> _Instructions for the task_:
Take the data below. Output it exactly from its first line through the line containing "them with comma..".

(Stored items)
* * * *

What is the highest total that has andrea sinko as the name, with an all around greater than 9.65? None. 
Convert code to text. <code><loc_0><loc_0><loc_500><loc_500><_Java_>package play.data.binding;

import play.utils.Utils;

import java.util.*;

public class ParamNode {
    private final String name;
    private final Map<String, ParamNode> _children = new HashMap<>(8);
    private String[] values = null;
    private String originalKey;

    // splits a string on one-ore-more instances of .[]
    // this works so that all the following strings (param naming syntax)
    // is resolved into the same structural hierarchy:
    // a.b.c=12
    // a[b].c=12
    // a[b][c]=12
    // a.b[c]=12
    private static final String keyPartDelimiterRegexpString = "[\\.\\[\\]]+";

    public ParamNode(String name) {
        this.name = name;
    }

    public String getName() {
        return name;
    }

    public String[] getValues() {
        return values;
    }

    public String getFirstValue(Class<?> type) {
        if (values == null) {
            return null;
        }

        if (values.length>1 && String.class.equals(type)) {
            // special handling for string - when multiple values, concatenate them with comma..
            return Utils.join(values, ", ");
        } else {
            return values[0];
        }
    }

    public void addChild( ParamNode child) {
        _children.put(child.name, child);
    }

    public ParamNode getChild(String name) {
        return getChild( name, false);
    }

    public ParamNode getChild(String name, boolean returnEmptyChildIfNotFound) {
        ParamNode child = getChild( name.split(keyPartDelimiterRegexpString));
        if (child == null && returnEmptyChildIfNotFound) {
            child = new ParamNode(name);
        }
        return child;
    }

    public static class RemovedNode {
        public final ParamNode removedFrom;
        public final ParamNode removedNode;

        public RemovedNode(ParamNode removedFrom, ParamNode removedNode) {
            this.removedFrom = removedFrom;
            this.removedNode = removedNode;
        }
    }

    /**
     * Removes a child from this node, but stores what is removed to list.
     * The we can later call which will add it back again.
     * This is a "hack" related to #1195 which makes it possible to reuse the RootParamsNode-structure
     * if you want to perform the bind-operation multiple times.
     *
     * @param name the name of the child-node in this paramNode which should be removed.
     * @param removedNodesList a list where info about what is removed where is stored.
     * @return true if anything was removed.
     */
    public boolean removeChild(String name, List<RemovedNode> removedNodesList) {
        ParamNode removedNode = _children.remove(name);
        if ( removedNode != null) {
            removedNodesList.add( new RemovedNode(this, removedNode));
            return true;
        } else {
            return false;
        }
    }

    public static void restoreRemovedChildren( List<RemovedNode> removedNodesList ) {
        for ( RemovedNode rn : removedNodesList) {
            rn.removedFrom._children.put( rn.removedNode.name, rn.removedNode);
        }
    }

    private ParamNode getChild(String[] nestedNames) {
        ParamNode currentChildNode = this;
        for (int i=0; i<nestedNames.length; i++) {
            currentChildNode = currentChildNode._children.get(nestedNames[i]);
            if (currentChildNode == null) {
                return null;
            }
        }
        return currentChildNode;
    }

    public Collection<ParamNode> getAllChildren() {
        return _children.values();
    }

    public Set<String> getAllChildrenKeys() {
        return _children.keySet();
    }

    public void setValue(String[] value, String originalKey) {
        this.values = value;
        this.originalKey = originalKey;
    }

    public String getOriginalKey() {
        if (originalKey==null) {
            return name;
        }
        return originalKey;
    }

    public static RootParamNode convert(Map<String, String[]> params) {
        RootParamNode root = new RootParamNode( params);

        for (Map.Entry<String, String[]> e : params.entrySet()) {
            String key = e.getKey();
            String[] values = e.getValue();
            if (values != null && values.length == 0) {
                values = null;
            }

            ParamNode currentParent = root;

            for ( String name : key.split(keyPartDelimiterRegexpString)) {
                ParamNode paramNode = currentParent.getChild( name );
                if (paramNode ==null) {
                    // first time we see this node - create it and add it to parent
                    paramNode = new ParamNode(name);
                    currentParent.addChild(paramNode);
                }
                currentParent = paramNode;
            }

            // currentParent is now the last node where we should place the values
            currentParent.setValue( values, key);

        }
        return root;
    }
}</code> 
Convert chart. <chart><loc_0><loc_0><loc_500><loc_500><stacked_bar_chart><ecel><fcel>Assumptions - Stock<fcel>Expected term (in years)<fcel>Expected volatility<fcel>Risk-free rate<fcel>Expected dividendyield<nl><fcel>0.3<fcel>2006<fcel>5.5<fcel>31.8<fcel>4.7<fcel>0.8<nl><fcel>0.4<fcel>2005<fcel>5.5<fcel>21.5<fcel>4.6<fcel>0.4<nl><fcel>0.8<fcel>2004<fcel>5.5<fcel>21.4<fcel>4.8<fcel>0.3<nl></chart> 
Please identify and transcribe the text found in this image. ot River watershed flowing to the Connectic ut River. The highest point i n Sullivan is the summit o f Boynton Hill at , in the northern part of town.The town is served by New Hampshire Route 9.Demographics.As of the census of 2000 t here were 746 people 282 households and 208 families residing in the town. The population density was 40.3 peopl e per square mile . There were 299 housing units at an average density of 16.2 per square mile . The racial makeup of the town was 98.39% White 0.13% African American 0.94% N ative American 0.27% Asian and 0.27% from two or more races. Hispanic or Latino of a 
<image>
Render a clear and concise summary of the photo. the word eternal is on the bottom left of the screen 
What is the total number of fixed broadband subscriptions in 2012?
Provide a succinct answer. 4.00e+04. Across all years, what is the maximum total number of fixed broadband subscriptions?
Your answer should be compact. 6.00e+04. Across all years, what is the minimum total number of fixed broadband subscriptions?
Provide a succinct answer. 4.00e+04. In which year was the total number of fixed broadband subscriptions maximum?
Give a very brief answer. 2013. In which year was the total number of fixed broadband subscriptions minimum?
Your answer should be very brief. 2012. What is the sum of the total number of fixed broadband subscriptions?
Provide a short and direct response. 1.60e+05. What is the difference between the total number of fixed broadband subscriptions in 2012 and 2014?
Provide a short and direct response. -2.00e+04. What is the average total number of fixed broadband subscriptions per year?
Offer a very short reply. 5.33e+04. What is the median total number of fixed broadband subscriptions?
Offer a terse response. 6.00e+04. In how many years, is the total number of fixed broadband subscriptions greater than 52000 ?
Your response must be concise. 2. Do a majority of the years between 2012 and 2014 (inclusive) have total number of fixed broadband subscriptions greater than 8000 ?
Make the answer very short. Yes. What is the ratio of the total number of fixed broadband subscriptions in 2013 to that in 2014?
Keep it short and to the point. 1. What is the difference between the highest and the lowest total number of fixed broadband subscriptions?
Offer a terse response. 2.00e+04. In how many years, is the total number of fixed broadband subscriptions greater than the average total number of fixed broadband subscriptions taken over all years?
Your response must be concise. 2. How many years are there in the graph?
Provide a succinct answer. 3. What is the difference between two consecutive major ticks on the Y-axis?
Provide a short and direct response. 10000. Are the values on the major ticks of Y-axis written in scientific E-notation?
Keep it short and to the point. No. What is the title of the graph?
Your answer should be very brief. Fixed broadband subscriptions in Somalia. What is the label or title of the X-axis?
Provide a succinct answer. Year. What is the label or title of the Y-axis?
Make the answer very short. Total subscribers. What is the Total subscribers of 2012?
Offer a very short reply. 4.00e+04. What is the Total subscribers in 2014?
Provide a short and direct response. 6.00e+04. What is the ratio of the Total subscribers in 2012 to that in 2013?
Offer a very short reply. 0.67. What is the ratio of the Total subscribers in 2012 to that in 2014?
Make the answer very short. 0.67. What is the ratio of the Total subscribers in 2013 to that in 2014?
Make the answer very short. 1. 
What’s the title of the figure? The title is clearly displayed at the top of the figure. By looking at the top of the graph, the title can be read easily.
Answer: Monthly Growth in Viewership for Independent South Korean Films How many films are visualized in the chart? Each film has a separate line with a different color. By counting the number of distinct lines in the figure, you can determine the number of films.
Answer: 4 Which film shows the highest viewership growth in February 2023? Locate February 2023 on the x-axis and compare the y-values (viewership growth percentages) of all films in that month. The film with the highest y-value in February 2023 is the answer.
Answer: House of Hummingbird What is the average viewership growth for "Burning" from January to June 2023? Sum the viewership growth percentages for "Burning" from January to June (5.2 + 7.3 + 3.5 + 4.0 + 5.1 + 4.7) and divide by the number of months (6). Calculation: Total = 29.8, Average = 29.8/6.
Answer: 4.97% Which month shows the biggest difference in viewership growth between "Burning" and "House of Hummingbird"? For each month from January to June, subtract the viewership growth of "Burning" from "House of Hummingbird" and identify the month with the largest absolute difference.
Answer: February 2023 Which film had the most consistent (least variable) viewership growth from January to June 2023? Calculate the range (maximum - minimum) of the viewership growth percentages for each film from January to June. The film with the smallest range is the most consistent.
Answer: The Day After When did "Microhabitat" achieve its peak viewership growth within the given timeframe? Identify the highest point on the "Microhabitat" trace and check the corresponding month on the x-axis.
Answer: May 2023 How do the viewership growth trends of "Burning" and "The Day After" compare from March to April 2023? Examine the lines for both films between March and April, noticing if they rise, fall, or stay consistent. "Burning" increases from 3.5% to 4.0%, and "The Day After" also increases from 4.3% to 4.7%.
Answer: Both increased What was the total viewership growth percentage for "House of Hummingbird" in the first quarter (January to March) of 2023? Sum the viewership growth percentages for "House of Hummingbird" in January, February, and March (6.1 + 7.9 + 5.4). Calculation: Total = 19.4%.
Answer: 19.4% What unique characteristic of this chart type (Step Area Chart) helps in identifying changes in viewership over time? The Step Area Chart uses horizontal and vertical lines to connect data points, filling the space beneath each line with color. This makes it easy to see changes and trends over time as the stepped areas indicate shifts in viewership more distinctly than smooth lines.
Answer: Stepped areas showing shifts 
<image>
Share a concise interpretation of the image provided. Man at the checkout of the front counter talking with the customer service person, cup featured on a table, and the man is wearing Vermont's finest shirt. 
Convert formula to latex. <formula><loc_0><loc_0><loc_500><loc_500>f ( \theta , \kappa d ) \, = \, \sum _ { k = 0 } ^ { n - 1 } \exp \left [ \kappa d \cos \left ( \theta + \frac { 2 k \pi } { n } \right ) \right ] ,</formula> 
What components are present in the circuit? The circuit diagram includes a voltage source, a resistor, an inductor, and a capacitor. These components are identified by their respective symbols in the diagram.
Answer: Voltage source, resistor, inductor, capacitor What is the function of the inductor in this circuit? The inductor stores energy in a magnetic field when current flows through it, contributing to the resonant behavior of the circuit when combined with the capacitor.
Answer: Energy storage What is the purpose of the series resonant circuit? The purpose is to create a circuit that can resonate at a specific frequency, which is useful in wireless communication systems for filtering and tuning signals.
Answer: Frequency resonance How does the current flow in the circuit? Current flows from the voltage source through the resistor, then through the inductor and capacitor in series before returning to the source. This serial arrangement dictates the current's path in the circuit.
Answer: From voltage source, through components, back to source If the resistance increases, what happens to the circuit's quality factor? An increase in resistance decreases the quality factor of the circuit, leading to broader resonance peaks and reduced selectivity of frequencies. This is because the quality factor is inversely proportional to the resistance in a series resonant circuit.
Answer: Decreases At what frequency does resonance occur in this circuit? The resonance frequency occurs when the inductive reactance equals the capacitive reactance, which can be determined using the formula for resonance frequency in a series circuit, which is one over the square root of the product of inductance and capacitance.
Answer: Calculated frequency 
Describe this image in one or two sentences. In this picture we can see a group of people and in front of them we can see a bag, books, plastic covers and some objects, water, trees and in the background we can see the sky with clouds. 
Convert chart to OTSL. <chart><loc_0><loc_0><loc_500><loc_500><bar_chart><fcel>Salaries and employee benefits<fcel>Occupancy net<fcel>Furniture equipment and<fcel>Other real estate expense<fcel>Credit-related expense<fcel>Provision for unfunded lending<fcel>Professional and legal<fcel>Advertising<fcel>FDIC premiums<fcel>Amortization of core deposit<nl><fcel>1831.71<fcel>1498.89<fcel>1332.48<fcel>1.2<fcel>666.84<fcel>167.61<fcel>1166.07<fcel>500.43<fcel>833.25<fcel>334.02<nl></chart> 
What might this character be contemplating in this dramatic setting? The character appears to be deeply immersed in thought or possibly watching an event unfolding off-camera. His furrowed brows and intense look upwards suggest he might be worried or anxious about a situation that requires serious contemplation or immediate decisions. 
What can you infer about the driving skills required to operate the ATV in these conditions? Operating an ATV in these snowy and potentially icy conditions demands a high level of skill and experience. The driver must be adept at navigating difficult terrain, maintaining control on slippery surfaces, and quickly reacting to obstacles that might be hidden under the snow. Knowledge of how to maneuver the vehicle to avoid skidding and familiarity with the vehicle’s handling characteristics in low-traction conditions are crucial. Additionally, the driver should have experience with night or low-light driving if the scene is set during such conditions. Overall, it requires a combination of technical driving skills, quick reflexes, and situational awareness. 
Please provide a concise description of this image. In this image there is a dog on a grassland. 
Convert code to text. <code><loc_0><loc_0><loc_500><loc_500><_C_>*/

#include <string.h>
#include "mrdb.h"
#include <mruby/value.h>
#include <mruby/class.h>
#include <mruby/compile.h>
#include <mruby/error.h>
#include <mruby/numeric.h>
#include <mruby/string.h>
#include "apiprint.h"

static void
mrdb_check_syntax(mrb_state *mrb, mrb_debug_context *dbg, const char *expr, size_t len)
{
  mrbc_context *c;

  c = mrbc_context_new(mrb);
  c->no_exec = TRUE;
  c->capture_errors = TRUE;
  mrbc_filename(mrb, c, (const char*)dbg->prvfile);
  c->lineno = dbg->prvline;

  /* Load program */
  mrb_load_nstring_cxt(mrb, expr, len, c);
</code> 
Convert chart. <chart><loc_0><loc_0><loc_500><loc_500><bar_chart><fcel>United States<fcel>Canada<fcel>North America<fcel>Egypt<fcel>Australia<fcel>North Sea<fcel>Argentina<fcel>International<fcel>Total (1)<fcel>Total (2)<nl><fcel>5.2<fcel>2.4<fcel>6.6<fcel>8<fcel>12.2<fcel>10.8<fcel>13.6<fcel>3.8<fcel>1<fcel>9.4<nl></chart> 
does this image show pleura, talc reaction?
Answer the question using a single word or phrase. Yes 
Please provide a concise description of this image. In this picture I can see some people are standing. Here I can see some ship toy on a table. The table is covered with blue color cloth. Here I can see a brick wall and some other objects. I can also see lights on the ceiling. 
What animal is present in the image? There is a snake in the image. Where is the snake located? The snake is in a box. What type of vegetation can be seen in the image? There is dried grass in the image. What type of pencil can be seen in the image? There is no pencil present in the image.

* * * *

> _Task solution_:
What is the highest total that has andrea sinko as the name, with an all around greater than 9.65? None. 
Convert code to text. <code><loc_0><loc_0><loc_500><loc_500><_Java_>package play.data.binding;

import play.utils.Utils;

import java.util.*;

public class ParamNode {
    private final String name;
    private final Map<String, ParamNode> _children = new HashMap<>(8);
    private String[] values = null;
    private String originalKey;

    // splits a string on one-ore-more instances of .[]
    // this works so that all the following strings (param naming syntax)
    // is resolved into the same structural hierarchy:
    // a.b.c=12
    // a[b].c=12
    // a[b][c]=12
    // a.b[c]=12
    private static final String keyPartDelimiterRegexpString = "[\\.\\[\\]]+";

    public ParamNode(String name) {
        this.name = name;
    }

    public String getName() {
        return name;
    }

    public String[] getValues() {
        return values;
    }

    public String getFirstValue(Class<?> type) {
        if (values == null) {
            return null;
        }

        if (values.length>1 && String.class.equals(type)) {
            // special handling for string - when multiple values, concatenate them with comma..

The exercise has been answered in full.